Competitive balance is one of the most important ideas within sports economics. This idea, in general, refers to the comparison of wins between all teams in a league. Rottenberg effectively built this seminal idea with his interest in "dispersion of games won." Related to competitive balance is the understanding of different leagues and different team within those leagues objectives. Understanding the ownership structure and motives of front office personnel through their financial, read economic, decisions will reveal whether a team is looking to only generate profit, attempt to win a championship, or something entirely different. Making sense of human behavior through data is the central idea of economics and certainly applies to Sports Economics as well. Sports leagues look to promote competitive balance to make more games appealing to fans to watch, both in person and on TV. Many European leagues achieve competitive balance through promotion and relegation systems where multiple leagues are intertwined with teams moving between leagues based upon performance.
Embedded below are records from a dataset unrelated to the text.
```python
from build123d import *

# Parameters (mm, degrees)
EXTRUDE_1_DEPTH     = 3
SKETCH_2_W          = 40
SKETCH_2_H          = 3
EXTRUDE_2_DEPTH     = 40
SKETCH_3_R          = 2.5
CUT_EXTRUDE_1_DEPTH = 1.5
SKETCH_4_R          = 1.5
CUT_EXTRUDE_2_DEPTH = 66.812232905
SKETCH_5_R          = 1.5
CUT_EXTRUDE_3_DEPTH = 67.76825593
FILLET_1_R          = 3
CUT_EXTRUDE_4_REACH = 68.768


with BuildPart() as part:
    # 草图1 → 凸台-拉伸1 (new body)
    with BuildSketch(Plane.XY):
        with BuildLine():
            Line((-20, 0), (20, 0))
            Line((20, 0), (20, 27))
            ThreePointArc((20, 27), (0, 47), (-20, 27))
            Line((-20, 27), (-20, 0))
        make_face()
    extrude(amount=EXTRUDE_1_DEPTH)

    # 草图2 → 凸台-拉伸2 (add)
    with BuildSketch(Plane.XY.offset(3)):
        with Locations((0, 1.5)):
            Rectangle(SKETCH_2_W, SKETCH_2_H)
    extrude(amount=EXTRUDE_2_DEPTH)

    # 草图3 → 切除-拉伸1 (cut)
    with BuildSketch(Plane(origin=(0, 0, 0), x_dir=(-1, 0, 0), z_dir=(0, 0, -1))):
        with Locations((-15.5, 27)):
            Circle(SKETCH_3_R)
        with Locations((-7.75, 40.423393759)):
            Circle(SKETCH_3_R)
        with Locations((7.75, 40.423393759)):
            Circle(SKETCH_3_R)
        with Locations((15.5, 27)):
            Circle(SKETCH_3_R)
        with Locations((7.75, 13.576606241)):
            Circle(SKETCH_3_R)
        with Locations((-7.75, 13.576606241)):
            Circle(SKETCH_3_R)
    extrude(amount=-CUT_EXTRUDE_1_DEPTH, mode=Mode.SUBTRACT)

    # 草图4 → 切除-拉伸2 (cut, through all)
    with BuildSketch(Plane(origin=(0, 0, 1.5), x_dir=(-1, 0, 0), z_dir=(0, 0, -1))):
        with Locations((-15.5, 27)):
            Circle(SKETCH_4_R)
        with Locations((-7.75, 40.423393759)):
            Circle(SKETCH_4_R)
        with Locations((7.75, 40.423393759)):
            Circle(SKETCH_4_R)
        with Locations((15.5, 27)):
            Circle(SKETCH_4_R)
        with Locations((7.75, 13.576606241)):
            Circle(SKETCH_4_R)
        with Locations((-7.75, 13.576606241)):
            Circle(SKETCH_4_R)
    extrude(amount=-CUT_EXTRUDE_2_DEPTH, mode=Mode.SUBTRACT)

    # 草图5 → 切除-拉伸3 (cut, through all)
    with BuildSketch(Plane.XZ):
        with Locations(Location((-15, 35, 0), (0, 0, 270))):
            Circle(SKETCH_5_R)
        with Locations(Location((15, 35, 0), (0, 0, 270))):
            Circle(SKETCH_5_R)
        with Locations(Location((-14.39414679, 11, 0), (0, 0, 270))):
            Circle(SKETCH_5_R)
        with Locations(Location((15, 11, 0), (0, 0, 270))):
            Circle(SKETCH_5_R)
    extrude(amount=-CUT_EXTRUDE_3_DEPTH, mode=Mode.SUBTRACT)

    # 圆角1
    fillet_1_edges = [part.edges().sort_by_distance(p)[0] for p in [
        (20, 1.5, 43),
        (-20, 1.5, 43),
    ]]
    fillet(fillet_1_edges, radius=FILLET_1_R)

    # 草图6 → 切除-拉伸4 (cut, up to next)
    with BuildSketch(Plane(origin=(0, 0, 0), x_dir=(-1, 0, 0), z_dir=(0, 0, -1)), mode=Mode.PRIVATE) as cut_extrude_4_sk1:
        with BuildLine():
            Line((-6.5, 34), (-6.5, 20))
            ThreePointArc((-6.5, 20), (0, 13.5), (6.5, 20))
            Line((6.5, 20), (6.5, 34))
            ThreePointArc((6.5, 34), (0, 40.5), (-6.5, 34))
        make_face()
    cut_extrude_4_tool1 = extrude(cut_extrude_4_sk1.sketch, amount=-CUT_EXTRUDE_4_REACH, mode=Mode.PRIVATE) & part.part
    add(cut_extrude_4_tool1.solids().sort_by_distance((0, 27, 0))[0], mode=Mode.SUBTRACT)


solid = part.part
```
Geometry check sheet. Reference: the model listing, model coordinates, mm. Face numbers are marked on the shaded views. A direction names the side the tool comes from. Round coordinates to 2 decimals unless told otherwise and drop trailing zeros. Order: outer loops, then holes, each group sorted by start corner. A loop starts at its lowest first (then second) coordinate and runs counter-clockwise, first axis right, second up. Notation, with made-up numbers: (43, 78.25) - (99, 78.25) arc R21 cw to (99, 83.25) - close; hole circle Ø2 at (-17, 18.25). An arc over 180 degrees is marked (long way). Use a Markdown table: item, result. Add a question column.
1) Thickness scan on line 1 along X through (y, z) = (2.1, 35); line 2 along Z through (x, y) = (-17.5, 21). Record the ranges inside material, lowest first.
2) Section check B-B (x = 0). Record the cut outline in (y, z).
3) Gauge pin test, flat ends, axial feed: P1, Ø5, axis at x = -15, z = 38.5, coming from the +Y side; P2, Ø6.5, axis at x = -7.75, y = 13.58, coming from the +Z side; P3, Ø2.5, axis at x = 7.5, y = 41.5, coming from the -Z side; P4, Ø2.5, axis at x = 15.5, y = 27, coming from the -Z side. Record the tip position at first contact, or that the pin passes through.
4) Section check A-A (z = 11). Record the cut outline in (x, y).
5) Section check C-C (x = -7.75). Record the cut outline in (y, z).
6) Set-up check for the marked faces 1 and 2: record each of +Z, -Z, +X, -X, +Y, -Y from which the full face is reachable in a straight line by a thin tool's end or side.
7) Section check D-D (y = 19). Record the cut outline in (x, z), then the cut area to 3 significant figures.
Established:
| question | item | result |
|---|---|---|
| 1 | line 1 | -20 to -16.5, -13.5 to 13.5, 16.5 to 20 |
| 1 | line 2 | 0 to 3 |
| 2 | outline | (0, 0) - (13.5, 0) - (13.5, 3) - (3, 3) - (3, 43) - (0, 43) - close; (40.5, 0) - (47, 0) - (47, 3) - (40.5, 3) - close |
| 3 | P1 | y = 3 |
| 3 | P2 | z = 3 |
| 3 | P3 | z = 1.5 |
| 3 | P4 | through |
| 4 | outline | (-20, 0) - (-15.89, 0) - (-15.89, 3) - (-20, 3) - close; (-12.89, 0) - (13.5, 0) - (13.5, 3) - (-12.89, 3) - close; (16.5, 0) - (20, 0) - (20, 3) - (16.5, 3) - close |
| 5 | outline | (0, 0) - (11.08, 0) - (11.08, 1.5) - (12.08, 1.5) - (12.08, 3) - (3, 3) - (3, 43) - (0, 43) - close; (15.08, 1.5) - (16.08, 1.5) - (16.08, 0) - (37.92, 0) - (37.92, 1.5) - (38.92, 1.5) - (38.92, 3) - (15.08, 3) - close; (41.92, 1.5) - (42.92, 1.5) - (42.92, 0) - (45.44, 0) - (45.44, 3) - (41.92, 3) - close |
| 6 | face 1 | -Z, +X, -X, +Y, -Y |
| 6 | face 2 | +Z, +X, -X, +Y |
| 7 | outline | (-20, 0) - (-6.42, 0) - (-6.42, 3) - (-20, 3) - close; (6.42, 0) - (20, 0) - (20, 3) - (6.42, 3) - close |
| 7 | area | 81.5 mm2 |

Most sports leagues in the United States are standalone league and work towards competitive balance through other measures. These can include salary caps and roster size limits.

== Importance ==
Sometimes sports economics is dismissed as a side hobby for number crunchers. However, the proliferation of globalized sports markets as well as the extreme rise in sports media demonstrates its importance. In the United States, the Super Bowl regularly commands the attention of millions. In the EU, over 15 million people are employed in the sports world. On a larger scale, sports and sporting outlets provide health benefits as well as general satisfaction for a citizenry which are both prominent state concerns the world over. Another feature of sports economics is the data-rich environment in sports, from which economists can apply and investigate common economic models or problems, thus contributing to the field of economics at large.